• Symptom:

    When you create a VM instance, you may discover that one VM instance has attached multiple networks. At this time, you can see multiple NICs on the VM instance via the console, but no IP addresses are found.

  • Cause:

    For a VM instance, each network is exactly one NIC. Attaching a network to a VM instance is equal to connecting a physical NIC to a server. By running ifconfig, you can see the eth device. If no IP addresses are found, this NIC has been actually connected but is not configured properly.

  • Solution:
    Ensure that you create a configuration file for this new NIC by incurring through the eth configuration file as follows:
    1. Make a copy of eth0: (The following is an example of a CentOS 7.2 environment.
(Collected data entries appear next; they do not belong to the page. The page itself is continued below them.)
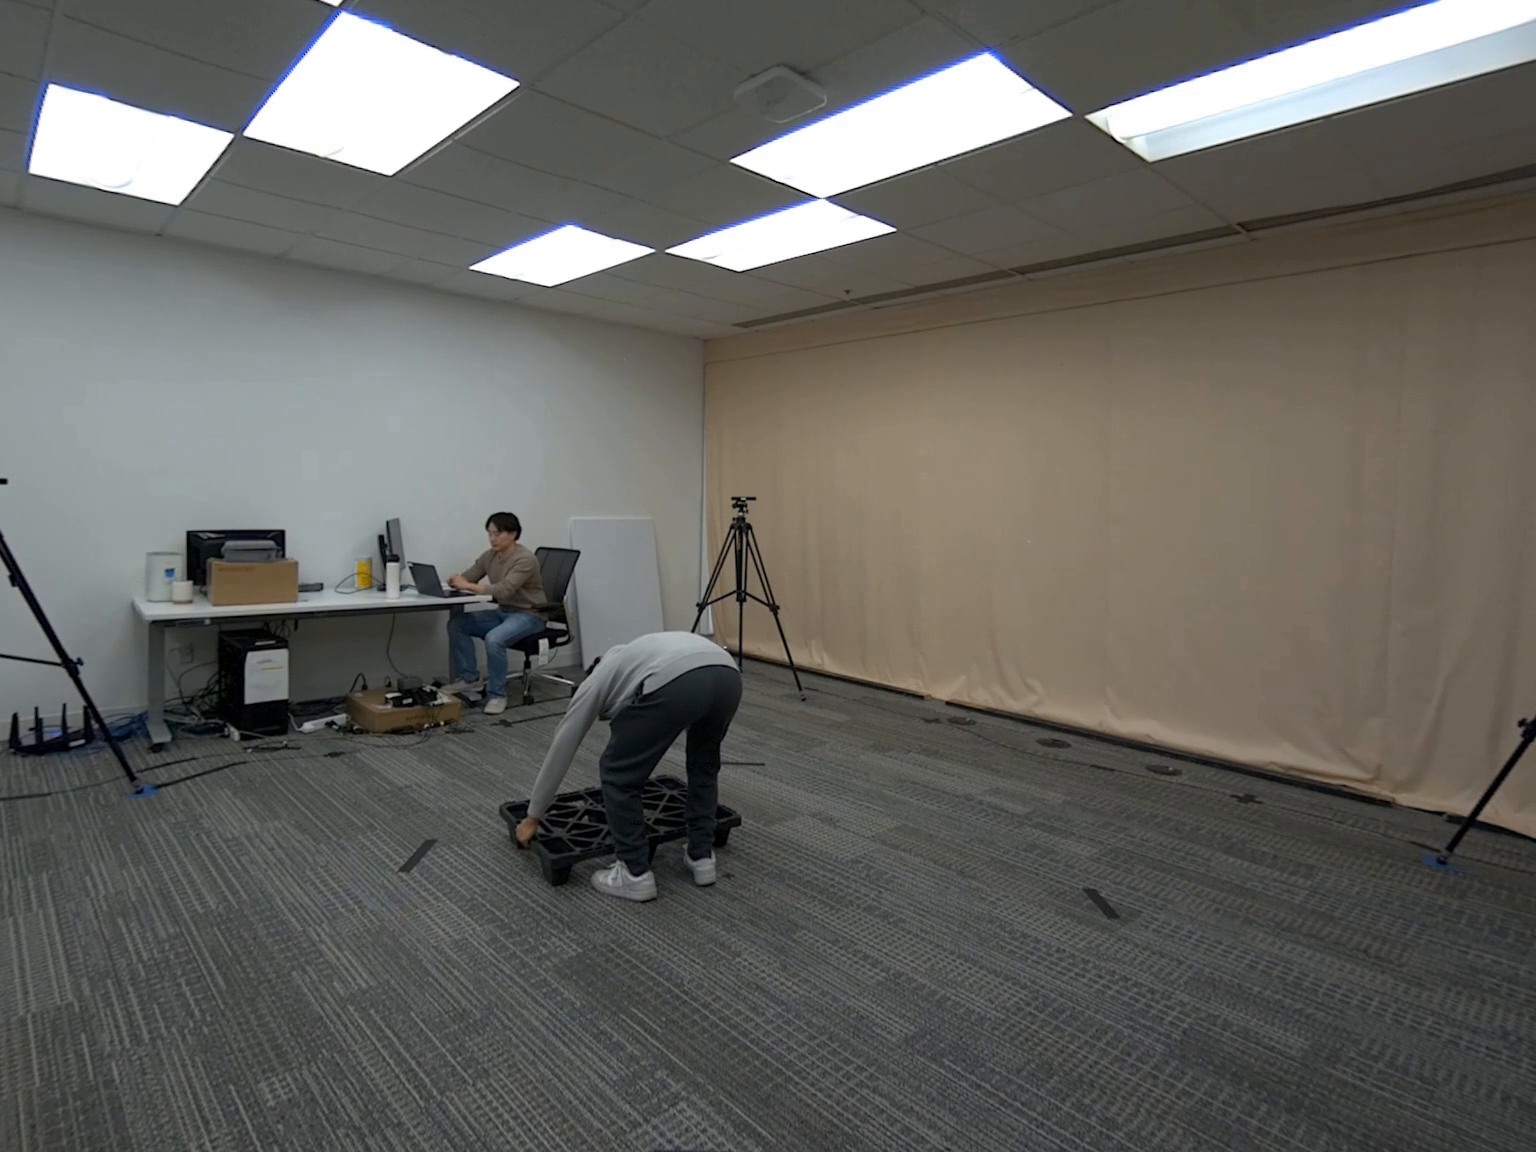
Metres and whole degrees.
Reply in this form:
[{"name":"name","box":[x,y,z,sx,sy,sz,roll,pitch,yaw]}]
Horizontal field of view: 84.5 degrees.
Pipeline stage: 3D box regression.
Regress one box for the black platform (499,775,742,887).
[{"name":"black platform","box":[-0.602,1.008,3.377,0.788,0.143,0.620,-2,7,-34]}]

Notice that other versions of Linux path and file may be slightly different.)
      # Replace eth0 to eth1 in your configuration file, and delete the UUID.
      cp /etc/sysconfig/network-scripts/ifcfg-eth0 /etc/sysconfig/network-scripts/ifcfg-eth1 
      sed -i 's/eth0/eth1/g' ifcfg-eth0
      sed -i '/UUID*/d' /etc/sysconfig/network-scripts/ifcfg-eth1
    2. Restart the network to take effect:
      /etc/init.d/network restart
    3. By running ifconfig, you will see the IP addresses of the second NIC. If you attach multiple NICs to one VM instance, run the preceding commands.